> PROBLEM REQUIREMENTS: Set down, word for word, every line of the listing below, starting with the one that contains "text While nothing" and ending with the final line. Include nothing else.

> DATA PROVIDED:
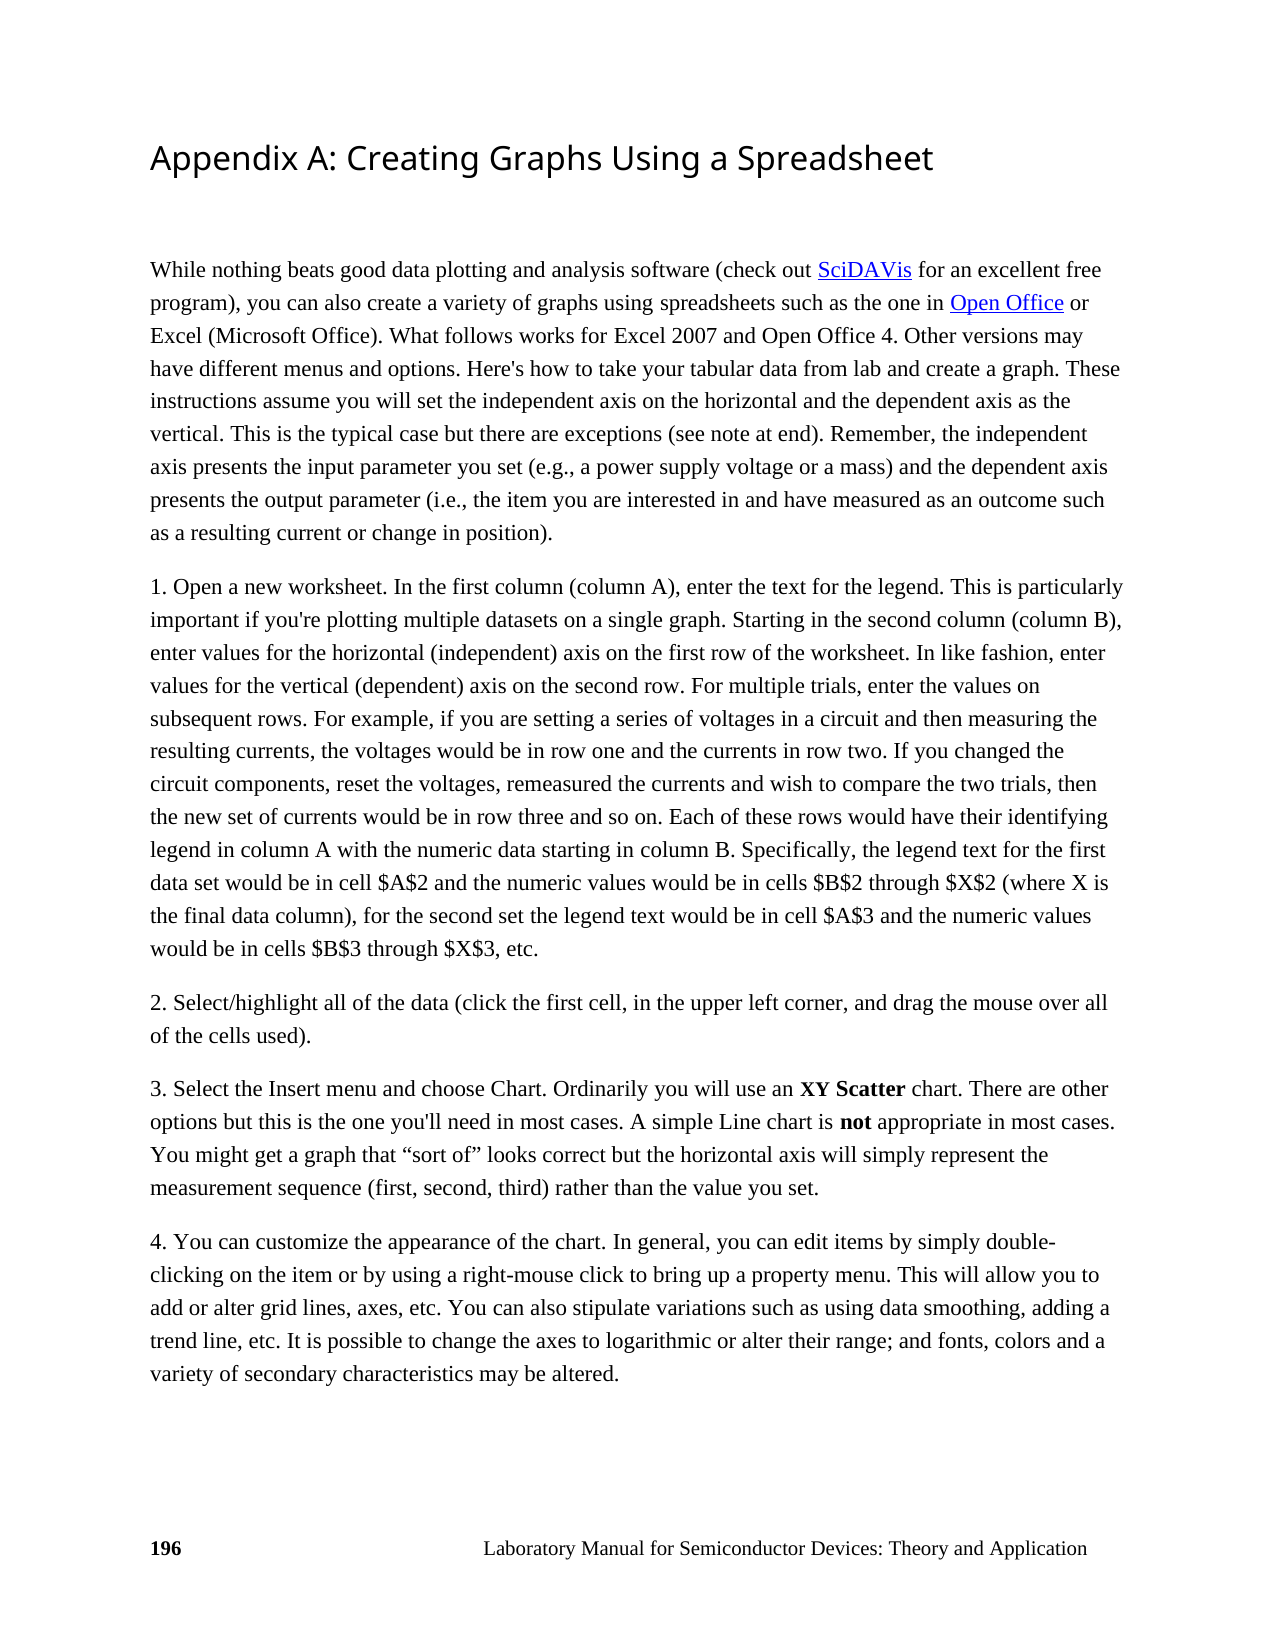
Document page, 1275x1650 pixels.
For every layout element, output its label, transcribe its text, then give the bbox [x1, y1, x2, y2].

text Appendix A: Creating Graphs Using a Spreadsheet [150, 135, 1125, 180]
text 4. You can customize the appearance of the chart. In general, you can edit items by simply double-clicking on the item or by using a right-mouse click to bring up a property menu. This will allow you to add or alter grid lines, axes, etc. You can also stipulate variations such as using data smoothing, adding a trend line, etc. It is possible to change the axes to logarithmic or alter their range; and fonts, colors and a variety of secondary characteristics may be altered. [150, 1228, 1125, 1386]
text 1. Open a new worksheet. In the first column (column A), enter the text for the legend. This is particularly important if you're plotting multiple datasets on a single graph. Starting in the second column (column B), enter values for the horizontal (independent) axis on the first row of the worksheet. In like fashion, enter values for the vertical (dependent) axis on the second row. For multiple trials, enter the values on subsequent rows. For example, if you are setting a series of voltages in a circuit and then measuring the resulting currents, the voltages would be in row one and the currents in row two. If you changed the circuit components, reset the voltages, remeasured the currents and wish to compare the two trials, then the new set of currents would be in row three and so on. Each of these rows would have their identifying legend in column A with the numeric data starting in column B. Specifically, the legend text for the first data set would be in cell $A$2 and the numeric values would be in cells $B$2 through $X$2 (where X is the final data column), for the second set the legend text would be in cell $A$3 and the numeric values would be in cells $B$3 through $X$3, etc. [150, 573, 1125, 961]
text 3. Select the Insert menu and choose Chart. Ordinarily you will use an XY Scatter chart. There are other options but this is the one you'll need in most cases. A simple Line chart is not appropriate in most cases. You might get a graph that “sort of” looks correct but the horizontal axis will simply represent the measurement sequence (first, second, third) rather than the value you set. [150, 1076, 1125, 1201]
text While nothing beats good data plotting and analysis software (check out SciDAVis for an excellent free program), you can also create a variety of graphs using spreadsheets such as the one in Open Office or Excel (Microsoft Office). What follows works for Excel 2007 and Open Office 4. Other versions may have different menus and options. Here's how to take your tabular data from lab and create a graph. These instructions assume you will set the independent axis on the horizontal and the dependent axis as the vertical. This is the typical case but there are exceptions (see note at end). Remember, the independent axis presents the input parameter you set (e.g., a power supply voltage or a mass) and the dependent axis presents the output parameter (i.e., the item you are interested in and have measured as an outcome such as a resulting current or change in position). [150, 256, 1125, 546]
text 2. Select/highlight all of the data (click the first cell, in the upper left corner, and drag the mouse over all of the cells used). [150, 989, 1125, 1048]

> RESPONSE TO THE EXERCISE:
text While nothing beats good data plotting and analysis software (check out SciDAVis for an excellent free program), you can also create a variety of graphs using spreadsheets such as the one in Open Office or Excel (Microsoft Office). What follows works for Excel 2007 and Open Office 4. Other versions may have different menus and options. Here's how to take your tabular data from lab and create a graph. These instructions assume you will set the independent axis on the horizontal and the dependent axis as the vertical. This is the typical case but there are exceptions (see note at end). Remember, the independent axis presents the input parameter you set (e.g., a power supply voltage or a mass) and the dependent axis presents the output parameter (i.e., the item you are interested in and have measured as an outcome such as a resulting current or change in position). [150, 256, 1125, 546]
text 2. Select/highlight all of the data (click the first cell, in the upper left corner, and drag the mouse over all of the cells used). [150, 989, 1125, 1048]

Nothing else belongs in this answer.